SVRI reflects the changes in afterload, while the SI and CI depend on the amount of venous return and preload, myocardial contractility, and afterload. CI nearly always equals venous return in healthy people and reflects the amount of circulating blood [22].

The PEP is the electromechanical delay associated with the electrical depolarisation of the ventricles and the isovolumetric contraction time of the left ventricle (LV). Higher sympathetic activity increases LV contractility and shortens PEP [23,24]. LVET is the time when LV ejects blood to the aorta—it is measured between the opening and closing of the aortic valve. The LVET shortening suggests a reduced SV or increased afterload [23]. The STR increases with impaired LV systolic function [25].

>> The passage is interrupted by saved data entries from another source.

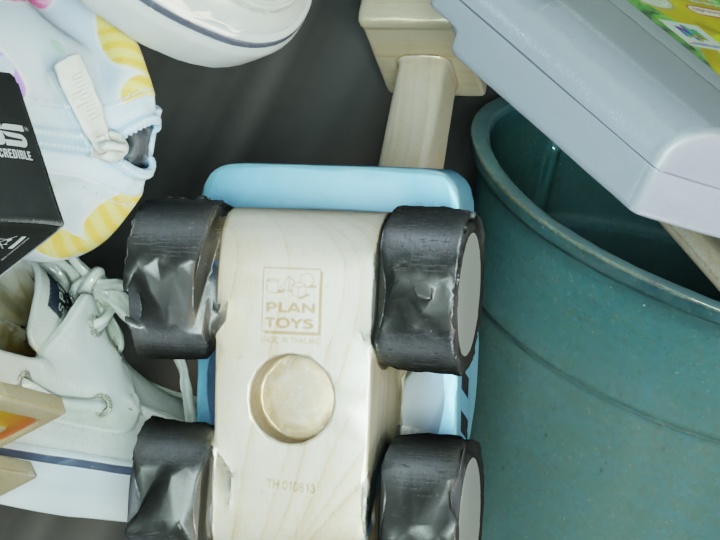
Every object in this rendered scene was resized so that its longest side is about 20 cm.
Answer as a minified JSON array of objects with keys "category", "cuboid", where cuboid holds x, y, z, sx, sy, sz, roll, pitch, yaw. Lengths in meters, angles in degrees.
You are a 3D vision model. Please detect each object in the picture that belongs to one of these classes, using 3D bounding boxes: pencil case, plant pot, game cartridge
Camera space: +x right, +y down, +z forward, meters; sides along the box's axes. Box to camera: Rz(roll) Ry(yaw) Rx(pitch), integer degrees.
[{"category":"pencil case","cuboid":[-0.146,-0.045,0.738,0.199,0.091,0.084,3,115,-48]},{"category":"plant pot","cuboid":[0.107,0.064,1.015,0.199,0.200,0.197,-8,124,-45]},{"category":"game cartridge","cuboid":[0.131,-0.049,0.885,0.199,0.133,0.041,4,124,-43]}]

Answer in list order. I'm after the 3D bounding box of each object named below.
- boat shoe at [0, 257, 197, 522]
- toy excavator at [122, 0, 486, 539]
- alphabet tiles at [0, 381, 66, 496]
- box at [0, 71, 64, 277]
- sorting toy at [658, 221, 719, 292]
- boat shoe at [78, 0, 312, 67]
[{"category":"boat shoe","cuboid":[-0.099,0.024,0.850,0.201,0.074,0.087,13,97,-41]},{"category":"toy excavator","cuboid":[0.000,0.000,0.869,0.200,0.099,0.196,-6,98,-78]},{"category":"alphabet tiles","cuboid":[-0.177,0.062,0.724,0.166,0.006,0.200,-28,159,19]},{"category":"box","cuboid":[-0.193,0.015,0.659,0.160,0.044,0.200,2,150,-48]},{"category":"sorting toy","cuboid":[0.170,-0.033,0.978,0.184,0.200,0.037,4,116,-30]},{"category":"boat shoe","cuboid":[-0.068,-0.136,0.749,0.200,0.065,0.072,52,50,-26]}]
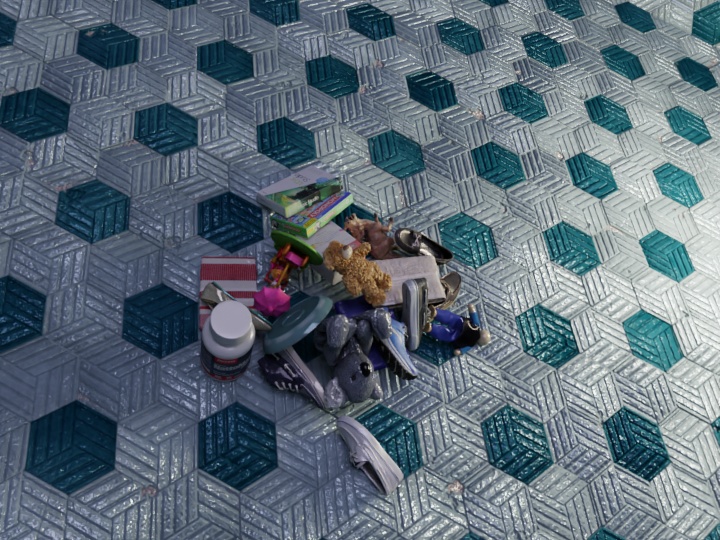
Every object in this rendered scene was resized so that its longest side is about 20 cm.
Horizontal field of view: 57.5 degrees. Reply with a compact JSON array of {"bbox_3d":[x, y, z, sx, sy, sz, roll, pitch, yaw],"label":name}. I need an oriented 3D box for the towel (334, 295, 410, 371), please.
[{"bbox_3d":[0.028,0.157,1.656,0.144,0.050,0.203,-14,64,-16],"label":"towel"}]

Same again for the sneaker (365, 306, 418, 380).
[{"bbox_3d":[0.088,0.169,1.585,0.088,0.079,0.202,-23,67,-19],"label":"sneaker"}]

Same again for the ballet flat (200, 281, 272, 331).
[{"bbox_3d":[-0.298,0.102,1.562,0.198,0.068,0.063,33,78,15],"label":"ballet flat"}]

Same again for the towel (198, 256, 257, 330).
[{"bbox_3d":[-0.326,0.055,1.626,0.140,0.023,0.204,1,58,-14],"label":"towel"}]

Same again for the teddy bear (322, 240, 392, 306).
[{"bbox_3d":[0.000,0.000,1.607,0.145,0.066,0.201,-42,99,-32],"label":"teddy bear"}]

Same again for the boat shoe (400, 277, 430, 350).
[{"bbox_3d":[0.143,0.110,1.627,0.069,0.204,0.072,-13,35,-17],"label":"boat shoe"}]

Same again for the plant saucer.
[{"bbox_3d":[-0.153,0.119,1.538,0.200,0.198,0.028,-45,109,-32],"label":"plant saucer"}]

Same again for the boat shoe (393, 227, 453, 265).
[{"bbox_3d":[0.173,-0.068,1.772,0.198,0.056,0.068,25,66,-37],"label":"boat shoe"}]

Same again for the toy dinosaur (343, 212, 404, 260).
[{"bbox_3d":[0.041,-0.077,1.782,0.135,0.086,0.201,-39,92,-21],"label":"toy dinosaur"}]

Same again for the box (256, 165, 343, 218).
[{"bbox_3d":[-0.165,-0.218,1.790,0.198,0.037,0.143,-32,41,-29],"label":"box"}]

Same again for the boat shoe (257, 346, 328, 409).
[{"bbox_3d":[-0.159,0.260,1.529,0.092,0.075,0.201,-35,72,-16],"label":"boat shoe"}]

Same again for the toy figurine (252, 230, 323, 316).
[{"bbox_3d":[-0.204,0.024,1.616,0.149,0.199,0.187,32,74,-18],"label":"toy figurine"}]

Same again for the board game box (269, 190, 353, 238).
[{"bbox_3d":[-0.129,-0.163,1.761,0.132,0.030,0.200,17,42,33],"label":"board game box"}]

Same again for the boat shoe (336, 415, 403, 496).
[{"bbox_3d":[0.010,0.415,1.474,0.200,0.074,0.065,43,53,13],"label":"boat shoe"}]

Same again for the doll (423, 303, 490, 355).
[{"bbox_3d":[0.258,0.149,1.695,0.196,0.048,0.139,21,92,-23],"label":"doll"}]

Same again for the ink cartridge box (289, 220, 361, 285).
[{"bbox_3d":[-0.092,-0.061,1.716,0.115,0.069,0.199,-29,50,-29],"label":"ink cartridge box"}]

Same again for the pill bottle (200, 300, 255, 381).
[{"bbox_3d":[-0.296,0.156,1.464,0.117,0.201,0.122,7,57,-11],"label":"pill bottle"}]

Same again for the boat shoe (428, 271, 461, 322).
[{"bbox_3d":[0.213,0.067,1.744,0.074,0.074,0.200,39,57,9],"label":"boat shoe"}]

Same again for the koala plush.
[{"bbox_3d":[-0.019,0.212,1.515,0.174,0.183,0.205,-6,77,-34],"label":"koala plush"}]

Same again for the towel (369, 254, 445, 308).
[{"bbox_3d":[0.113,0.027,1.691,0.195,0.035,0.135,-7,62,-11],"label":"towel"}]
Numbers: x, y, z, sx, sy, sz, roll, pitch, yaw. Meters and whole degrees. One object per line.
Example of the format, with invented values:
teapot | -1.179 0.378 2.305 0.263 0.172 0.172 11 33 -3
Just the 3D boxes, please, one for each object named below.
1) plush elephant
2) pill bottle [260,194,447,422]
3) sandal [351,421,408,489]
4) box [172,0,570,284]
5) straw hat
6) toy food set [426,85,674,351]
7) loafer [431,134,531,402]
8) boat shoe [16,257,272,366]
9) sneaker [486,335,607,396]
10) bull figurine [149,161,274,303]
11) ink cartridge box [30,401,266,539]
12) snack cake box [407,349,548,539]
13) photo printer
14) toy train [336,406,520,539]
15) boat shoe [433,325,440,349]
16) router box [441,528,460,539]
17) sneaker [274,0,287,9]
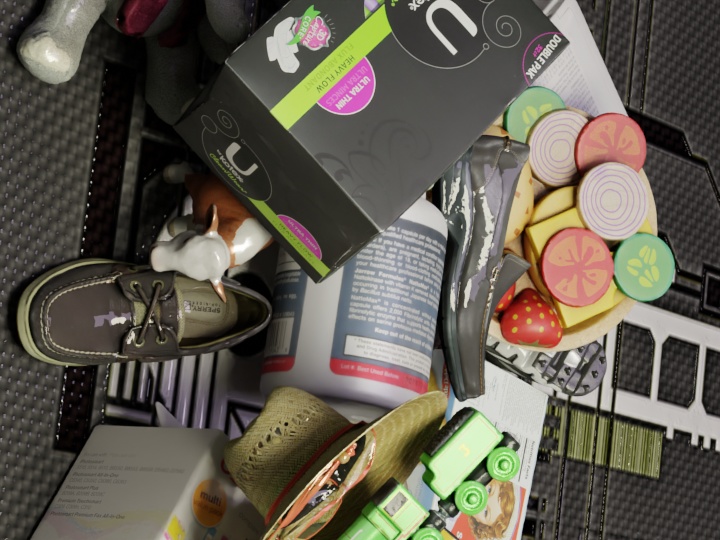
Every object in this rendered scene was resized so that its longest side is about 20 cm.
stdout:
plush elephant | -0.107 -0.202 1.517 0.164 0.154 0.202 26 70 -44
pill bottle | 0.000 0.000 1.617 0.119 0.119 0.202 20 74 -46
sandal | -0.003 0.117 1.678 0.080 0.054 0.202 -7 92 -19
box | 0.006 -0.120 1.477 0.149 0.124 0.200 46 63 -3
straw hat | -0.040 0.120 1.444 0.201 0.085 0.201 -44 163 -17
toy food set | 0.145 -0.039 1.755 0.197 0.049 0.201 -24 93 -19
loafer | 0.091 -0.002 1.680 0.072 0.073 0.202 -2 103 -4
boat shoe | -0.142 0.025 1.537 0.199 0.064 0.074 -8 94 -48
sneaker | 0.100 0.033 1.809 0.200 0.090 0.067 38 76 -12
bull figurine | -0.076 -0.060 1.554 0.200 0.121 0.065 -42 124 -20
ink cartridge box | -0.132 0.198 1.498 0.129 0.125 0.201 50 55 -35
snack cake box | 0.071 0.173 1.768 0.115 0.067 0.202 30 67 -45
photo printer | 0.152 -0.105 1.866 0.167 0.069 0.201 -50 124 -35
toy train | 0.022 0.169 1.459 0.200 0.042 0.056 -46 101 -5
boat shoe | 0.017 -0.031 1.716 0.073 0.065 0.201 -37 115 -42
router box | 0.005 0.235 1.579 0.158 0.052 0.200 -51 170 -3
sneaker | 0.018 -0.179 1.718 0.199 0.080 0.087 4 96 -42
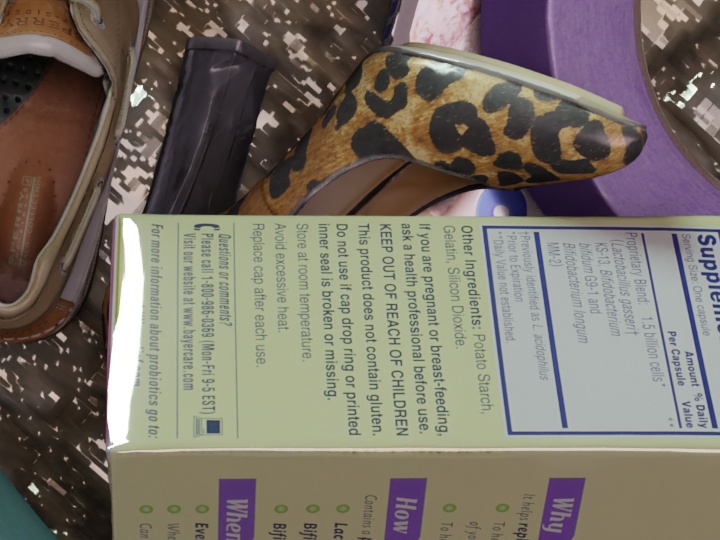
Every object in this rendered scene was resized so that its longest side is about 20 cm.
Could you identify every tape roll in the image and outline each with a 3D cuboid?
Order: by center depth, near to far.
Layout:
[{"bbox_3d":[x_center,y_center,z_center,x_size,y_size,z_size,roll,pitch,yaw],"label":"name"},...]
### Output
[{"bbox_3d":[0.145,-0.085,0.788,0.199,0.066,0.201,0,90,-17],"label":"tape roll"}]

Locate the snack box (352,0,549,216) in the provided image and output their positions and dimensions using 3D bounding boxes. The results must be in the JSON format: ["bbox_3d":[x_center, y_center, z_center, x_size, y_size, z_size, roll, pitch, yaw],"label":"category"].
[{"bbox_3d":[0.044,-0.078,0.807,0.072,0.024,0.201,15,87,-10],"label":"snack box"}]

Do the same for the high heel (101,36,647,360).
[{"bbox_3d":[0.000,0.000,0.733,0.071,0.199,0.143,21,81,-48],"label":"high heel"}]

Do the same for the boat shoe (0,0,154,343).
[{"bbox_3d":[-0.106,-0.076,0.761,0.074,0.068,0.201,2,87,-7],"label":"boat shoe"}]

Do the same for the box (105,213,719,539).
[{"bbox_3d":[0.021,0.076,0.712,0.199,0.176,0.097,0,46,-4],"label":"box"}]

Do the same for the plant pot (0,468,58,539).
[{"bbox_3d":[-0.143,0.139,0.619,0.199,0.200,0.189,-22,97,-8],"label":"plant pot"}]
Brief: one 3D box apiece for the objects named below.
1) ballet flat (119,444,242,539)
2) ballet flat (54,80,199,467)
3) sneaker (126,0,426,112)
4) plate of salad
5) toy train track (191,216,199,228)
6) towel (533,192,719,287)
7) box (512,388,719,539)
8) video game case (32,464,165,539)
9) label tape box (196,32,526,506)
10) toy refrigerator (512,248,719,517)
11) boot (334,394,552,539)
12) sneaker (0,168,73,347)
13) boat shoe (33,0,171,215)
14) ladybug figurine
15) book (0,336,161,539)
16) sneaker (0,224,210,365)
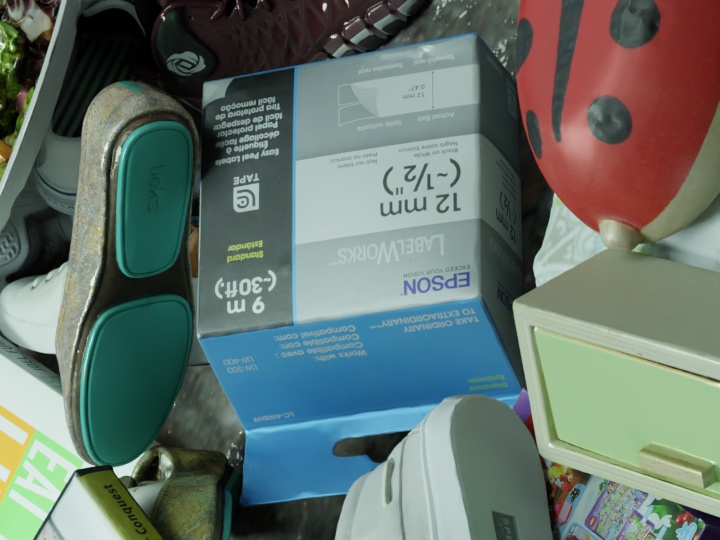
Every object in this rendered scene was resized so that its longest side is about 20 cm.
[{"bbox_3d":[-0.093,0.121,1.405,0.200,0.070,0.071,-96,30,-84],"label":"ballet flat"},{"bbox_3d":[-0.115,-0.002,1.436,0.067,0.068,0.201,44,130,48],"label":"ballet flat"},{"bbox_3d":[-0.044,-0.147,1.492,0.200,0.115,0.076,-45,45,28],"label":"sneaker"},{"bbox_3d":[-0.193,-0.086,1.536,0.200,0.048,0.201,-161,90,-76],"label":"plate of salad"},{"bbox_3d":[-0.069,-0.018,1.532,0.200,0.032,0.115,3,109,57],"label":"toy train track"},{"bbox_3d":[0.164,-0.069,1.273,0.171,0.048,0.201,11,84,54],"label":"towel"},{"bbox_3d":[0.077,0.169,1.281,0.137,0.039,0.201,37,104,49],"label":"box"},{"bbox_3d":[-0.116,0.221,1.327,0.181,0.025,0.200,50,123,28],"label":"video game case"},{"bbox_3d":[0.000,0.000,1.380,0.143,0.066,0.201,-8,64,19],"label":"label tape box"},{"bbox_3d":[0.153,0.054,1.183,0.200,0.070,0.076,16,125,47],"label":"toy refrigerator"},{"bbox_3d":[0.038,0.157,1.256,0.096,0.073,0.201,-41,39,39],"label":"boot"},{"bbox_3d":[-0.191,-0.040,1.654,0.200,0.075,0.114,-52,29,5],"label":"sneaker"},{"bbox_3d":[-0.122,-0.123,1.573,0.067,0.073,0.201,96,-175,-56],"label":"boat shoe"},{"bbox_3d":[0.117,-0.108,1.251,0.136,0.072,0.201,-12,66,49],"label":"ladybug figurine"},{"bbox_3d":[-0.202,0.105,1.564,0.200,0.048,0.134,30,103,28],"label":"book"},{"bbox_3d":[-0.121,-0.001,1.533,0.200,0.073,0.085,1,105,47],"label":"sneaker"}]

2.3.3. Indirect Measures of Water Accumulation

Water is the most significant contributor to body mass—we measured body mass during all menstrual cycle phases to reflect its content. We also estimated the thoracic fluid content (TFC) by cardiac impedance. TFC is proportional to the amount of fluid in the chest as an index of regional water accumulation in the lungs. Additionally, we used an eight-electrode total body impedance analyser (Tanita MC 180 MA, Tanita, Tokyo, Japan) to measure the amount of total body water and its relative contribution to body weight. This device uses low electrical currents at four frequencies, i.e., 5, 50, 250, and 500 kHz [26].

2.4. Statistical Analysis

Data distribution was not normal (D’Agostino–Pearson test). Thus, continuous data are presented as median and the 25th–75th percentiles. For the trend analysis (either linear or cubic) between the measured values of all parameters and different phases of the menstrual cycle, we applied repeated measures Friedman test (nonparametric ANOVA) with post-tests. The MedCalc^® Statistical Software version 20.110 (MedCalc Software Ltd., Ostend, Belgium; Available online: https://www.medcalc.org, accessed on 11 June 2022) was employed for statistical analysis. Only p values < 0.05 were considered significant.

3. Results

The median age of the studied women was 28 (interquartile range 26–34), and their BMI, WHR, fasting glucose, insulin, and lipid fractions concentrations were within normal ranges.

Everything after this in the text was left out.